Thursday, June 2, 2011

Marco Polo bridge Incident - 1937

That time we thought we would finalyl be back to the forest and our time, yet were teleported to some room that looked like a military forest. Suddenly a man in a uniform came into a room holding a glass of water and some pills. Frederike recognized the man in a uniform as Tashiro, who was a leutenant general in the Imperial Japanese Army - the one responsible for keeping the stalemate between the Japanese and the Chinese forces in the recent time. Tashiro sat down on the red chair and was about to drink his medicine, but then suddenly someone knocked on the door. Tashiro puts his glass and pills down and walks outside to talk to the fellow officer. Right at the moment when Tashiro left the room, an unknown man that was apparently hiding behind the bookshelf quickly slipped through the room and swapped the Tashiro's pills with different ones and runs out of the room. Laura and Frederike realized that they must not let Tashiro die, and so they decided to swap the pills back to the ones Tashiro had. They have done that just in time; Tashiro came back into the office and took his pills. Meanwhile, Laura and Frederike used the time machine to get out of that place.

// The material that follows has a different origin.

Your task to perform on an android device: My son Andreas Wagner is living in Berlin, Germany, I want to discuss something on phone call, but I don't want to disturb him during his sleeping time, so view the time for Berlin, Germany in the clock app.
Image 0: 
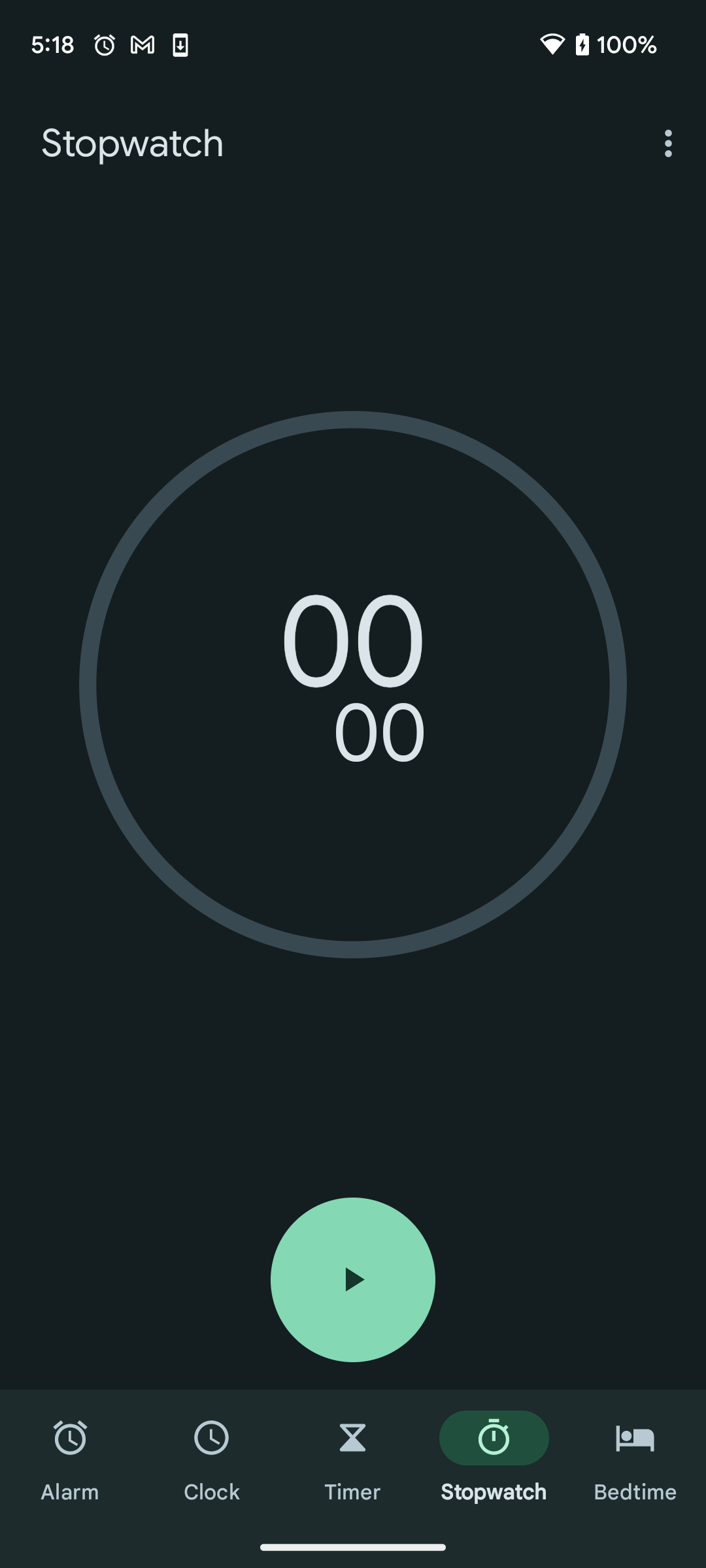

In real history Lieutenant General Tashiro dies from a heart attack, presumably the cause was natural although the controversy lies in the fact that Tashiro was in charge of the stalemate and the Japanese High Command wanted to start the massive operation against China as fast a possible so some think that the Tashiro's death was intended.

We thought that preventing Lieutenant General Tashiro from dying will cause:

  • The stalemate between Japan and China to continue
  • Japanese forces having no pretext for going to full scale war with China
  • No large scale conflict to happen in the Asian region
Unfortunately not everything worked out as planned and our predictions were partly false:
  • Even though, the stalemate continued for two more months, the Japanese government still invaded China under a new pretext, which was that China was promoting nationalism and anti-Japanese movements and organisations.